The Church in The Philippine Modern Society

By Heritier Mesa – 

On October 1st and 2nd, at the beginning of the Mission Month, the Xaverian Missionaries gathered for their regional assembly, here in Manila, at the International Theologate Community. Every year, indeed, this has been a momentous opportunity to review their missionary journey in this country. The guest speaker was Randy David, a very much renowned Filipino sociologist and journalist, professor emeritus at the University of the Philippines Diliman. He conducted the Xaverian meeting for the whole morning of the first day.

Mr. Randy David spoke about Filipino Modernity, i.e. what are the major changes the Philippine society is going through? One may eventually ask what is wrong with the Philippines society? (a question we could apply to every society in the world). In fact, nothing is wrong with the Philippines society and yet, as Mr. David would say, everything is wrong with this society.

Like many other developing countries, the Philippines has been struggling for adjustment to the demands of the modern society which is characterized by functional differentiation, as an alternative to traditional societies.  In the modern world, much more attention is given to what one does rather than to what one is. Thus the need of underlining the differenciation of roles and fields in order to avoid conflicting identity and to promote structural development. Today, with the globalization, in the post-colonialism countries, a society or a civilization has to be modern in order to survive.  Obviously, as for many other third-world countries, the cost of this has been heavy to the Philippines. Indeed, this shift from the traditional society to the modern world is not, and has never been an easy task for  many societies.  At the current stage of the process towards modernization, an apparent result is that the country is stuck in the transitional stage, between the two poles. This could be summarized by the famous Antonio Gramsci’s paradigm: “La crisi consiste precisamente nel fatto che il vecchio sta morendo e il nuovo non può ancora nascere” (This is the crisis: The old is dying already, whereas the new cannot be born yet) …and monsters could be born instead! The contradiction or lack of fit between institutions and the “instincts” of people, as well as some dysfunctionalities within the present societal structure might illustrate well this dilemma.
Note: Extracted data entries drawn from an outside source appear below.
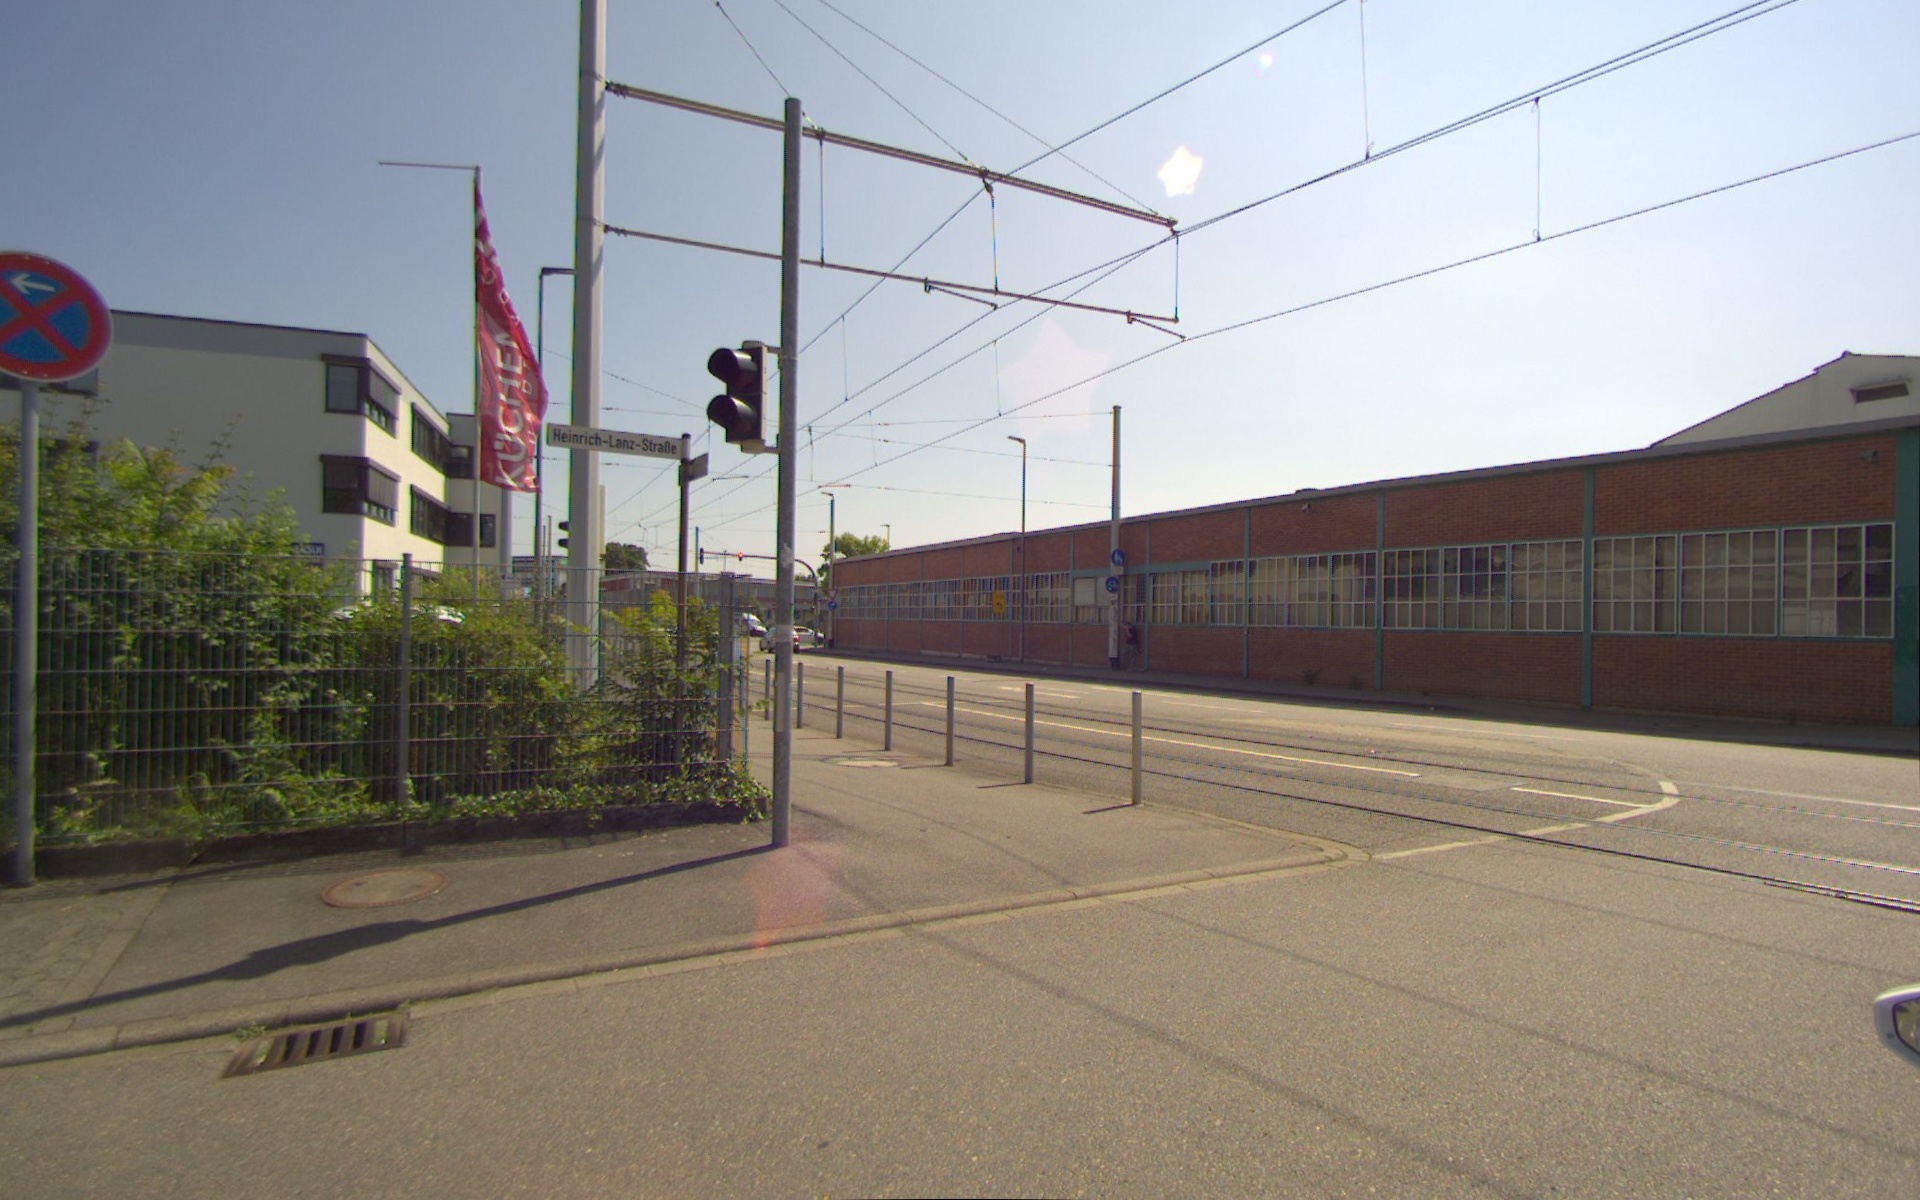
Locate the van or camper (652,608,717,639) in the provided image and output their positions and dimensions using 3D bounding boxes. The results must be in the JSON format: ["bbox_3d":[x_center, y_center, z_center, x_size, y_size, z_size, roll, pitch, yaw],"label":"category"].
[{"bbox_3d":[-30.311,2.565,110.534,6.851,2.970,2.353,2,1,23],"label":"van or camper"}]

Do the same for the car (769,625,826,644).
[{"bbox_3d":[-12.959,2.751,80.068,4.157,1.528,1.992,1,-1,-19],"label":"car"}]

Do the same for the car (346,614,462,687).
[{"bbox_3d":[-12.961,1.132,23.642,1.714,1.562,3.820,1,-2,-19],"label":"car"}]

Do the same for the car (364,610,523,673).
[{"bbox_3d":[-14.942,1.206,29.323,3.944,1.728,1.988,1,-1,-24],"label":"car"}]

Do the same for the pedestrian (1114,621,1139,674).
[{"bbox_3d":[5.774,1.643,34.899,0.676,1.788,0.447,2,1,-20],"label":"pedestrian"}]

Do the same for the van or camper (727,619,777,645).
[{"bbox_3d":[-23.520,3.582,113.561,5.288,2.473,2.286,4,1,29],"label":"van or camper"}]

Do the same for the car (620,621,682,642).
[{"bbox_3d":[-24.383,2.507,79.349,4.307,1.599,2.001,0,-1,17],"label":"car"}]

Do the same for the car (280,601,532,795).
[{"bbox_3d":[-5.131,0.825,9.692,1.690,1.452,3.931,2,-3,-25],"label":"car"}]

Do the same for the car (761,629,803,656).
[{"bbox_3d":[-10.566,2.491,59.359,1.726,1.478,3.980,0,-1,-21],"label":"car"}]

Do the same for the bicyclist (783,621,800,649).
[{"bbox_3d":[-10.746,2.229,64.017,0.777,1.744,1.141,2,-2,-22],"label":"bicyclist"}]
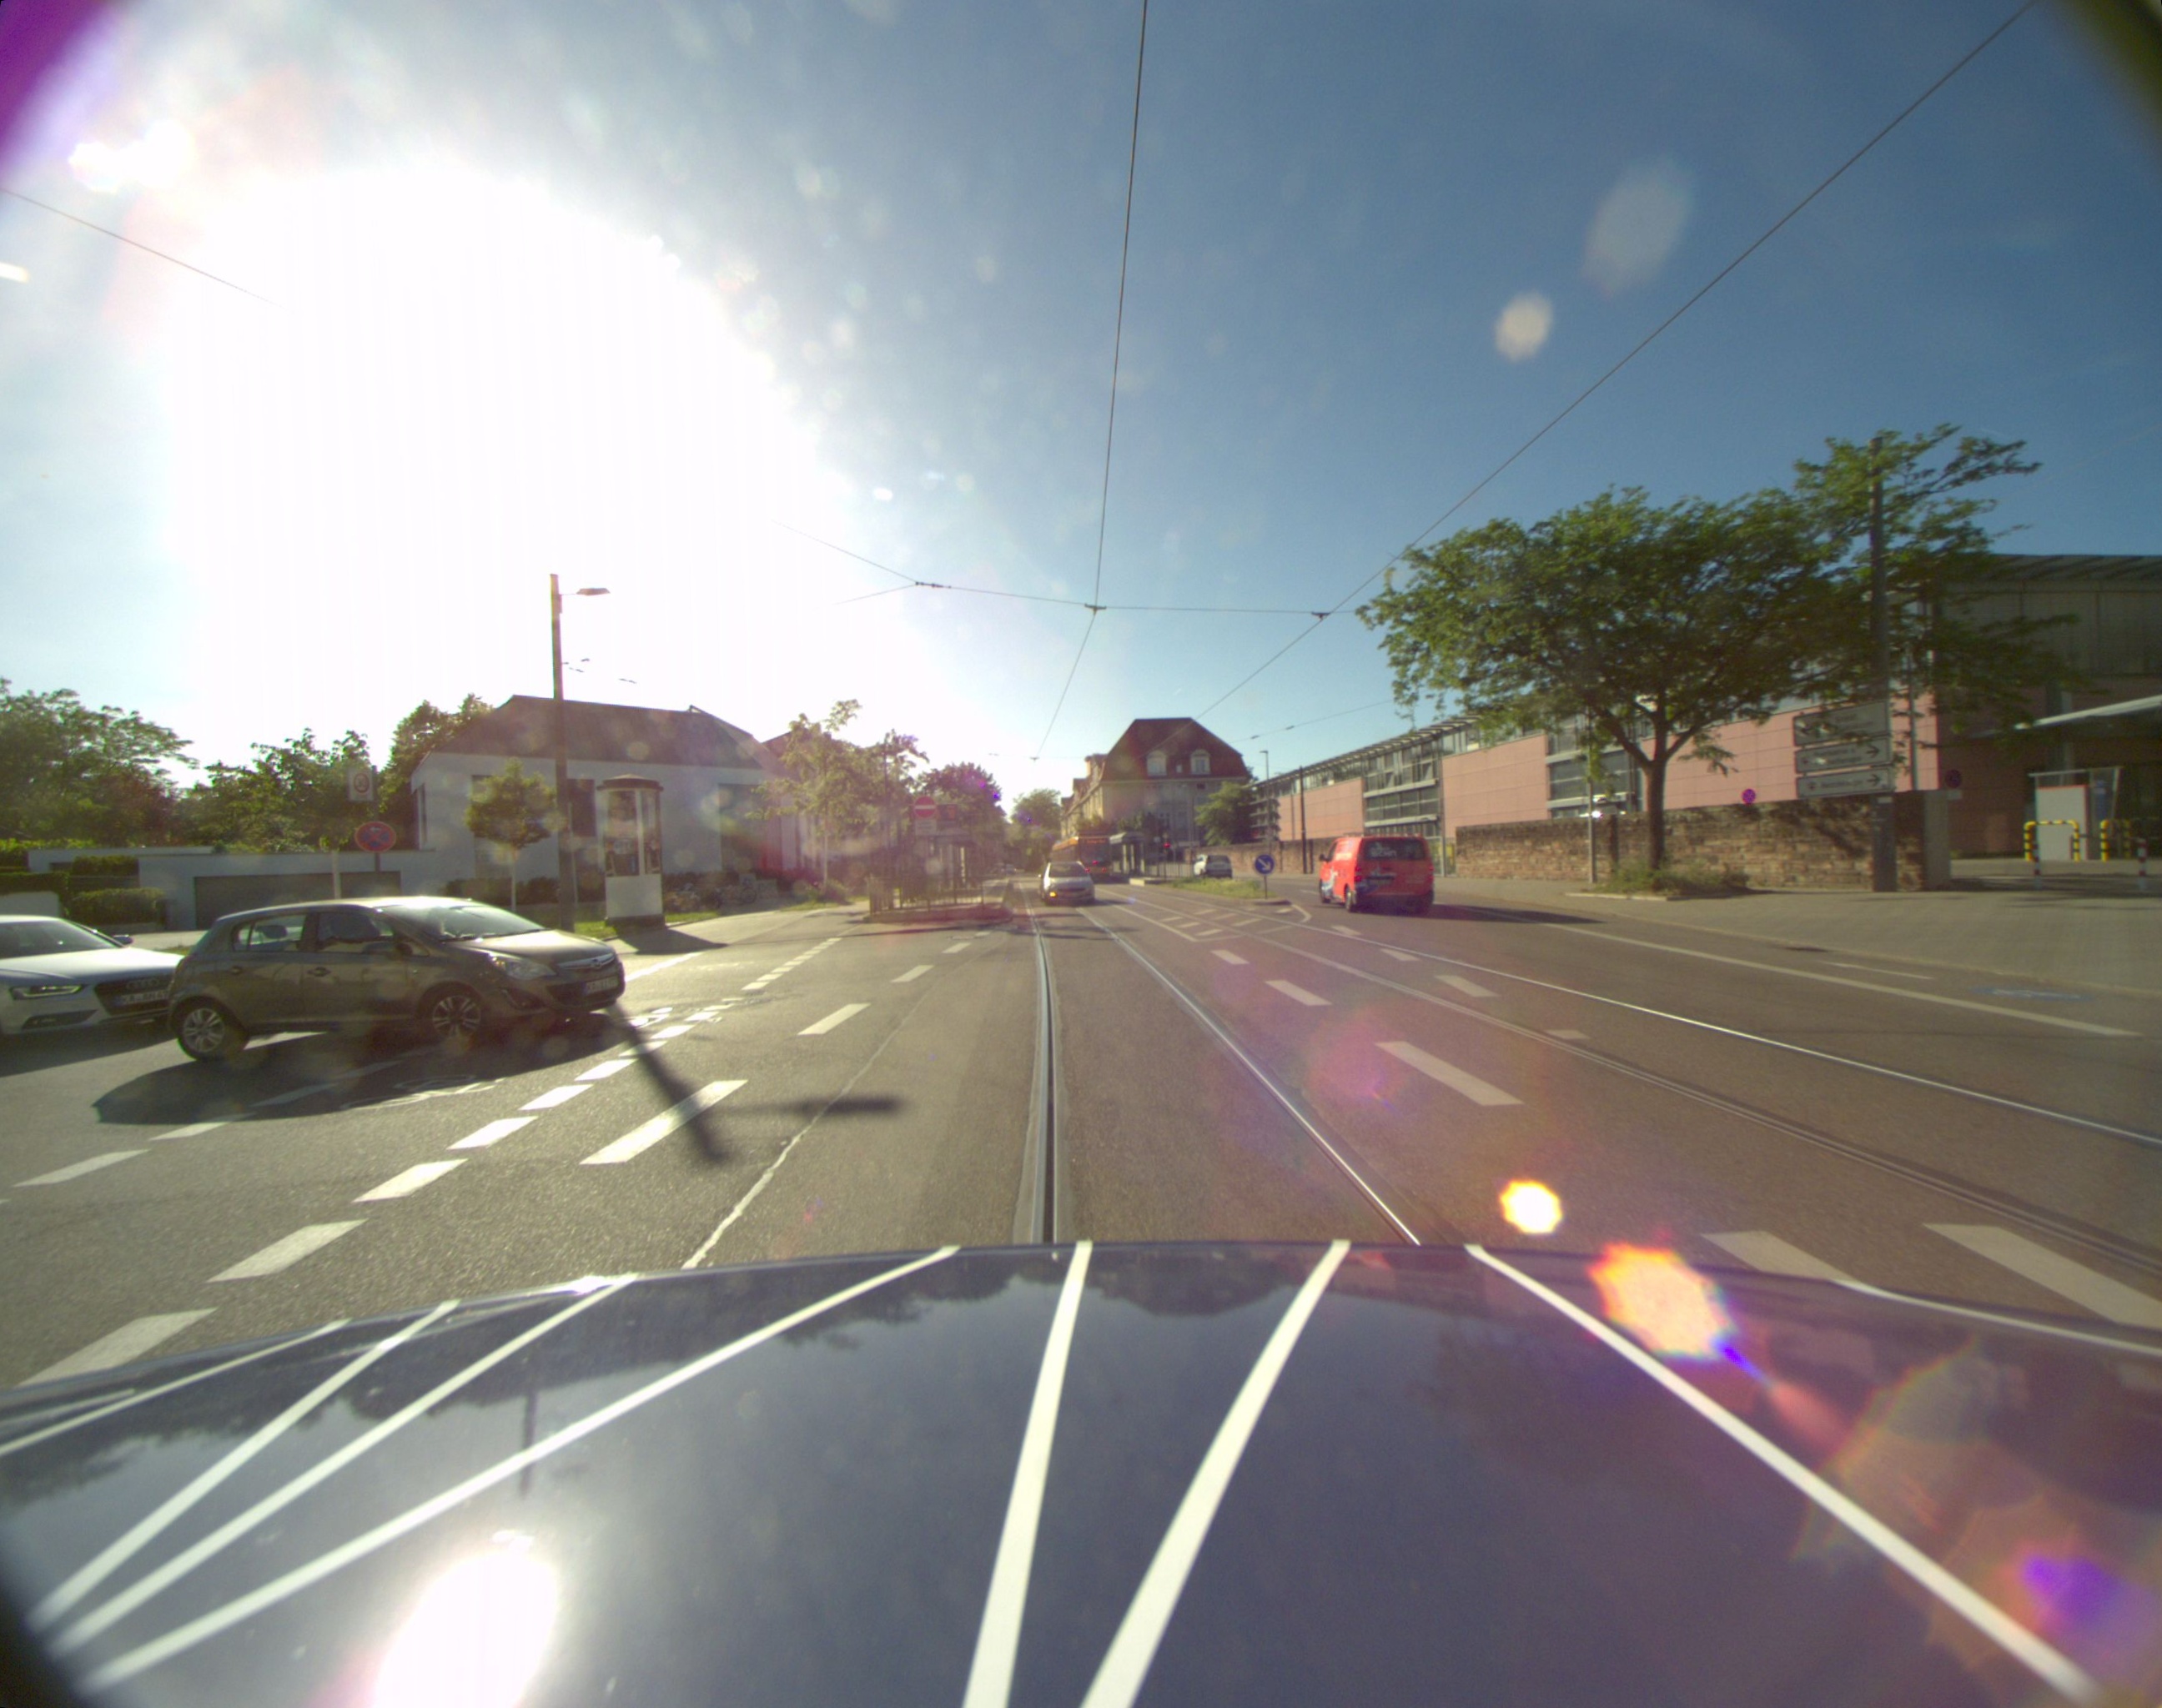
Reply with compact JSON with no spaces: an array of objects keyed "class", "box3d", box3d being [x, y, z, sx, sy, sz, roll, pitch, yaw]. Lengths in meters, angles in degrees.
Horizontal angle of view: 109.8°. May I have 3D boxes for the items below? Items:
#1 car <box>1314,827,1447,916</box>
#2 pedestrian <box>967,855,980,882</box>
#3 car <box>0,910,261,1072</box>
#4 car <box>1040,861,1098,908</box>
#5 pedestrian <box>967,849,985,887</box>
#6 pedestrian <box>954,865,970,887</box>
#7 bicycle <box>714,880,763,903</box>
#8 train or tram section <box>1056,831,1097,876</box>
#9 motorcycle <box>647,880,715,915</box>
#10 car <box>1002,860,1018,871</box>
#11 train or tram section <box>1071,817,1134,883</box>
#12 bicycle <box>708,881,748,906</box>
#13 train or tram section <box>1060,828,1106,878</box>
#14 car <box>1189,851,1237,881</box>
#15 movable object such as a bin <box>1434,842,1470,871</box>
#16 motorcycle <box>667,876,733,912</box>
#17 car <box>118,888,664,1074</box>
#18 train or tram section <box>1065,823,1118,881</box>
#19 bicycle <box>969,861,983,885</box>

Hopefully, the Philippines as others, will move on from this conflictual situation.  Yet, these changes and problems have significance for the Church and particularly for missionaries today.  How and what should be the task of the Church in such society? Or more profoundly as for Mr. David, “What is the proper role of the Church in the Public Square?”  The shift to the modern society will certainly bring about new challenges.  Yes, the Church in the Philippines has to be aware of the challenge, and as Benedict XVI would say, has to find out the role of faith in a world that is ruled by secularism.  For this, the Church should avoid to interfere in politics and other secular matters, like in pre-modern time.  Because in doing so, “it risks eroding its moral standing as a shepherd of the entire flock and thus finds itself in danger of becoming entangled in the conflicts of the temporal world.” From David’s point of view, the task of the Church is two-fold: to invest in Christian and human education  and to speak out its moral option in all public spheres, without interfering.  This is the way of becoming “Light in the World”, and witness in the Philippines Society.